Required work: Tell how many lines in the data contain the string "updated", using a single number as the whole reply.

[Stored data]
*** Begin section ***
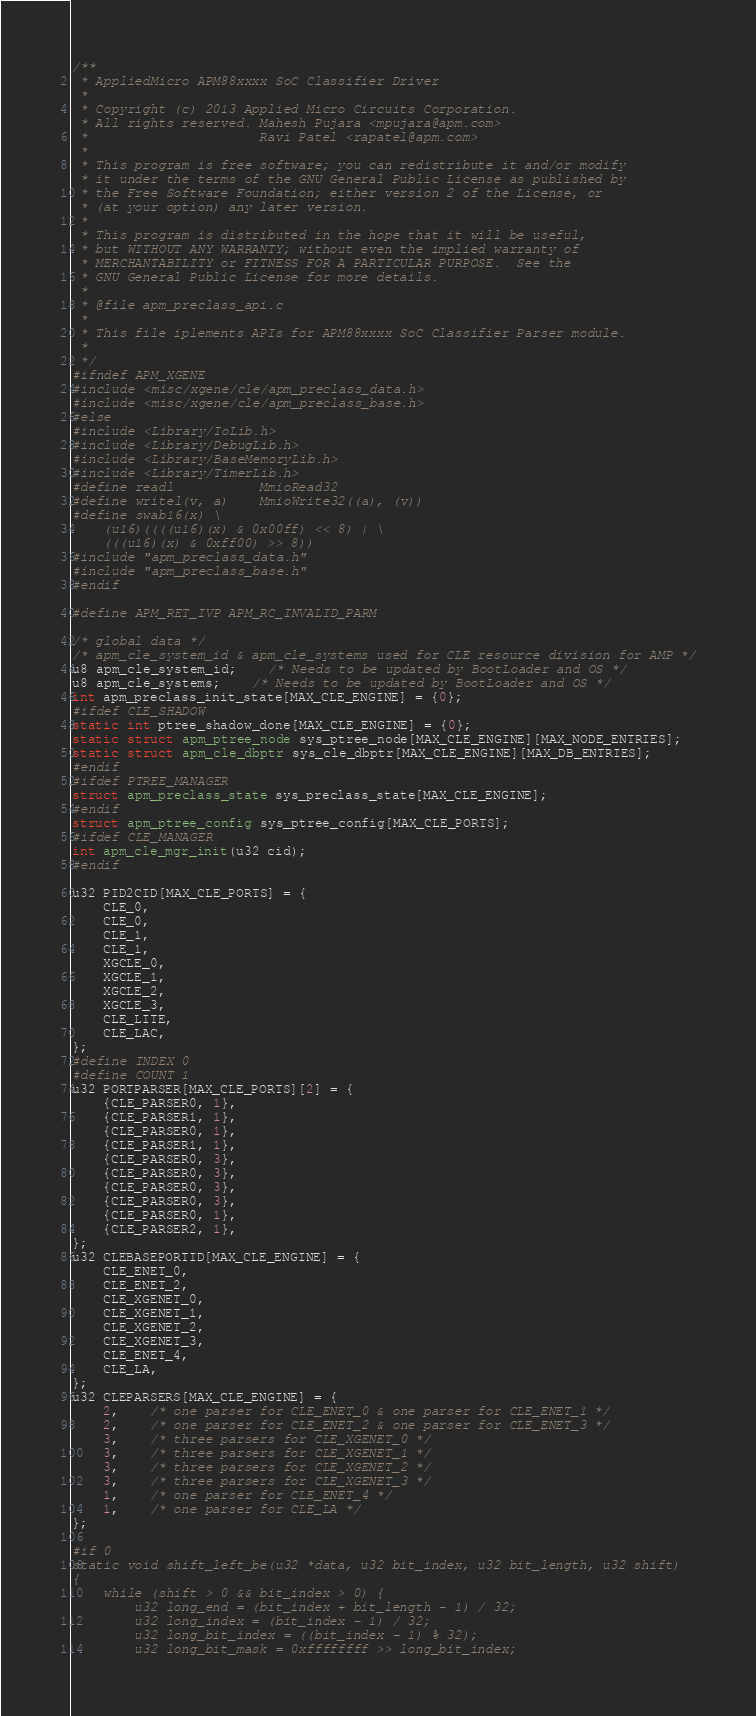<code> <loc_0><loc_0><loc_500><loc_500><_C_>/**
 * AppliedMicro APM88xxxx SoC Classifier Driver
 *
 * Copyright (c) 2013 Applied Micro Circuits Corporation.
 * All rights reserved. Mahesh Pujara <mpujara@apm.com>
 *                      Ravi Patel <rapatel@apm.com>
 *
 * This program is free software; you can redistribute it and/or modify
 * it under the terms of the GNU General Public License as published by
 * the Free Software Foundation; either version 2 of the License, or
 * (at your option) any later version.
 *
 * This program is distributed in the hope that it will be useful,
 * but WITHOUT ANY WARRANTY; without even the implied warranty of
 * MERCHANTABILITY or FITNESS FOR A PARTICULAR PURPOSE.	 See the
 * GNU General Public License for more details.
 *
 * @file apm_preclass_api.c
 *
 * This file iplements APIs for APM88xxxx SoC Classifier Parser module.
 *
 */
#ifndef APM_XGENE
#include <misc/xgene/cle/apm_preclass_data.h>
#include <misc/xgene/cle/apm_preclass_base.h>
#else
#include <Library/IoLib.h>
#include <Library/DebugLib.h>
#include <Library/BaseMemoryLib.h>
#include <Library/TimerLib.h>
#define readl           MmioRead32
#define writel(v, a)    MmioWrite32((a), (v))
#define swab16(x) \
	(u16)((((u16)(x) & 0x00ff) << 8) | \
	(((u16)(x) & 0xff00) >> 8))
#include "apm_preclass_data.h"
#include "apm_preclass_base.h"
#endif

#define APM_RET_IVP APM_RC_INVALID_PARM

/* global data */
/* apm_cle_system_id & apm_cle_systems used for CLE resource division for AMP */
u8 apm_cle_system_id;	/* Needs to be updated by BootLoader and OS */
u8 apm_cle_systems;	/* Needs to be updated by BootLoader and OS */
int apm_preclass_init_state[MAX_CLE_ENGINE] = {0};
#ifdef CLE_SHADOW
static int ptree_shadow_done[MAX_CLE_ENGINE] = {0};
static struct apm_ptree_node sys_ptree_node[MAX_CLE_ENGINE][MAX_NODE_ENTRIES];
static struct apm_cle_dbptr sys_cle_dbptr[MAX_CLE_ENGINE][MAX_DB_ENTRIES];
#endif
#ifdef PTREE_MANAGER
struct apm_preclass_state sys_preclass_state[MAX_CLE_ENGINE];
#endif
struct apm_ptree_config sys_ptree_config[MAX_CLE_PORTS];
#ifdef CLE_MANAGER
int apm_cle_mgr_init(u32 cid);
#endif

u32 PID2CID[MAX_CLE_PORTS] = {
	CLE_0,
	CLE_0,
	CLE_1,
	CLE_1,
	XGCLE_0,
	XGCLE_1,
	XGCLE_2,
	XGCLE_3,
	CLE_LITE,
	CLE_LAC,
};
#define INDEX 0
#define COUNT 1
u32 PORTPARSER[MAX_CLE_PORTS][2] = {
	{CLE_PARSER0, 1},
	{CLE_PARSER1, 1},
	{CLE_PARSER0, 1},
	{CLE_PARSER1, 1},
	{CLE_PARSER0, 3},
	{CLE_PARSER0, 3},
	{CLE_PARSER0, 3},
	{CLE_PARSER0, 3},
	{CLE_PARSER0, 1},
	{CLE_PARSER2, 1},
};
u32 CLEBASEPORTID[MAX_CLE_ENGINE] = {
	CLE_ENET_0,
	CLE_ENET_2,
	CLE_XGENET_0,
	CLE_XGENET_1,
	CLE_XGENET_2,
	CLE_XGENET_3,
	CLE_ENET_4,
	CLE_LA,
};
u32 CLEPARSERS[MAX_CLE_ENGINE] = {
	2,	/* one parser for CLE_ENET_0 & one parser for CLE_ENET_1 */
	2,	/* one parser for CLE_ENET_2 & one parser for CLE_ENET_3 */
	3,	/* three parsers for CLE_XGENET_0 */
	3,	/* three parsers for CLE_XGENET_1 */
	3,	/* three parsers for CLE_XGENET_2 */
	3,	/* three parsers for CLE_XGENET_3 */
	1,	/* one parser for CLE_ENET_4 */
	1,	/* one parser for CLE_LA */
};

#if 0
static void shift_left_be(u32 *data, u32 bit_index, u32 bit_length, u32 shift)
{
	while (shift > 0 && bit_index > 0) {
		u32 long_end = (bit_index + bit_length - 1) / 32;
		u32 long_index = (bit_index - 1) / 32;
		u32 long_bit_index = ((bit_index - 1) % 32);
		u32 long_bit_mask = 0xffffffff >> long_bit_index;</code>
*** End section ***
Answer box: 2